Johnny Greaves was a professional loser. He had one hundred professional fights between 2007 and 2013, lost 96 of them, scored one knockout, and was stopped short of the distance twelve times. There was no subtlety in how his role was explained to him: “Look, Johnny; professional boxing works two ways. You’re either a ticket-seller and make money for the promoter, in which case you get to win fights. If you don’t sell tickets but can look after yourself a bit, you become an opponent and you fight to lose.”
By losing, he could make upwards of one thousand pounds for a night‘s work.
Greaves grew up with an alcoholic father who beat his children and wife. Johnny learned how to survive the beatings, which is what his career as a fighter would become. He was a scared, angry, often violent child who was expelled from school and found solace in alcohol and drugs.
The fighters Greaves lost to in the pros ran the gamut from inept local favorites to future champions Liam Walsh, Anthony Crolla, Lee Selby, Gavin Rees, and Jack Catterall. Alcohol and drugs remained constants in his life. He fought after drinking, smoking weed, and snorting cocaine on the night before – and sometimes on the day of – a fight. On multiple occasions, he came close to committing suicide. His goal in boxing ultimately became to have one hundred professional fights.
On rare occasions, two professional losers – “journeymen,” they’re called in The UK – are matched against each other. That was how Greaves got three of the four wins on his ledger. On September 29, 2013, he fought the one hundredth and final fight of his career against Dan Carr in London’s famed York Hall. Carr had a 2-42-2 ring record and would finish his career with three wins in ninety outings. Greaves-Carr was a fight that Johnny could win. He emerged triumphant on a four-round decision.

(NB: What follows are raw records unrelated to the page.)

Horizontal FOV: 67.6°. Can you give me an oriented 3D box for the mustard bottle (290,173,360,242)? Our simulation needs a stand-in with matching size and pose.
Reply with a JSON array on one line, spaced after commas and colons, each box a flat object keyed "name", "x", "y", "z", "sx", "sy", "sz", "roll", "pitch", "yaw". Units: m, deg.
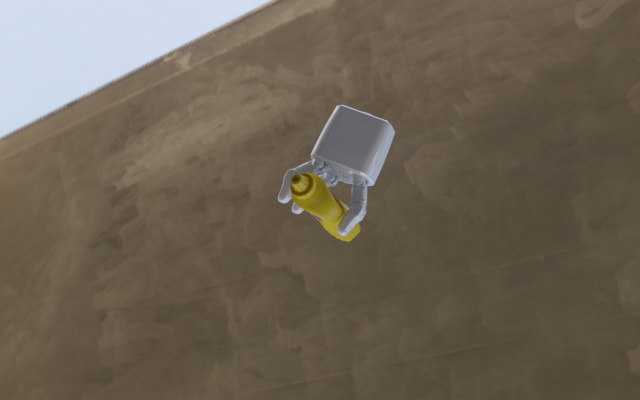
[{"name": "mustard bottle", "x": 0.000, "y": 0.003, "z": 0.802, "sx": 0.096, "sy": 0.058, "sz": 0.192, "roll": 47, "pitch": 1, "yaw": 32}]
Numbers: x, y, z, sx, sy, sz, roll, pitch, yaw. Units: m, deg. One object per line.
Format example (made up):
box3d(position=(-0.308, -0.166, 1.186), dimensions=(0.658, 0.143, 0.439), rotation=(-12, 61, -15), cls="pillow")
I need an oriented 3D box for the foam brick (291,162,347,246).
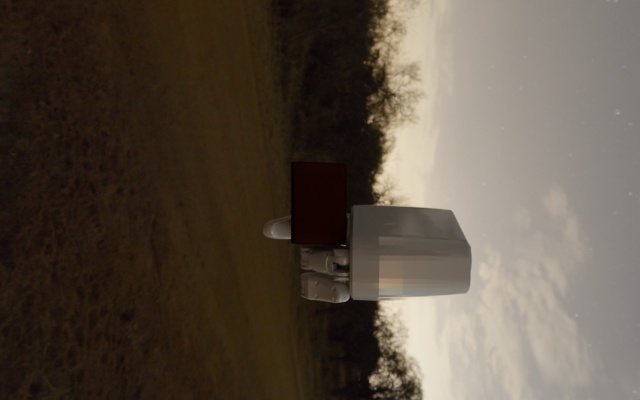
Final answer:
box3d(position=(0.000, 0.001, 0.465), dimensions=(0.051, 0.078, 0.053), rotation=(0, 4, 6), cls="foam brick")
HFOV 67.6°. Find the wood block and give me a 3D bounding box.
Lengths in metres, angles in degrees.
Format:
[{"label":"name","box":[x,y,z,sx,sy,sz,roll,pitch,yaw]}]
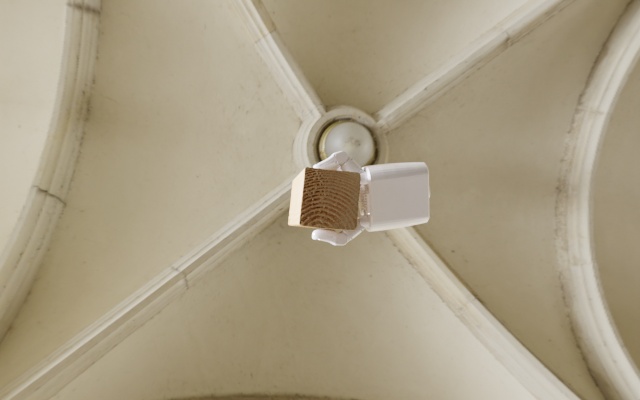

The Johnny Greaves Story, told by Greaves with the help of Adam Darke (Pitch Publishing) tells the whole sordid tale. Some of Greaves’s thoughts follow:
* “We all knew why we were there, and it wasn’t to win. The home fighters were the guys who had sold all the tickets and were deemed to have some talent. We were the scum. We knew our role. Give some young prospect a bit of a workout, keep out of the way of any big shots, lose on points but take home a wedge of cash, and fight again next week.”
* “If you fought too hard and won, then you wouldn’t get booked for any more shows. If you swung for the trees and got cut or knocked out, then you couldn’t fight for another 28 days. So what were you supposed to do? The answer was to LOOK like you were trying to win but be clever in the process. Slip and move, feint, throw little shots that were rangefinders, hold on, waste time. There was an art to this game, and I was quickly learning what a cynical business it was.”
* “The unknown for the journeyman was always how good your opponent might be. He could be a future world champion. Or he might be some hyped-up nightclub bouncer with a big following who was making lots of money for the promoter.”
* “No matter how well I fought, I wasn’t going to be getting any decisions. These fights weren’t scored fairly. The referees and judges understood who the paymasters were and they played the game. What was the point of having a go and being the best version of you if nobody was going to recognize or reward it?”
* “When I first stepped into the professional arena, I believed I was tough. believed that nobody could stop me. But fight by fight, those ideas were being challenged and broken down. Once you know that you can be hurt, dropped and knocked out, you’re never quite the same fighter.”
* “I had started off with a dream, an idea of what boxing was and what it would do for me. It was going to be a place where I could prove my toughness. A place that I could escape to and be someone else for a while. For a while, boxing was that place. But it wore me down to the point that I stopped caring. I’d grown sick and tired of it all. I wished that I could feel pride at what I’d achieved. But most of the time, I just felt like a loser.”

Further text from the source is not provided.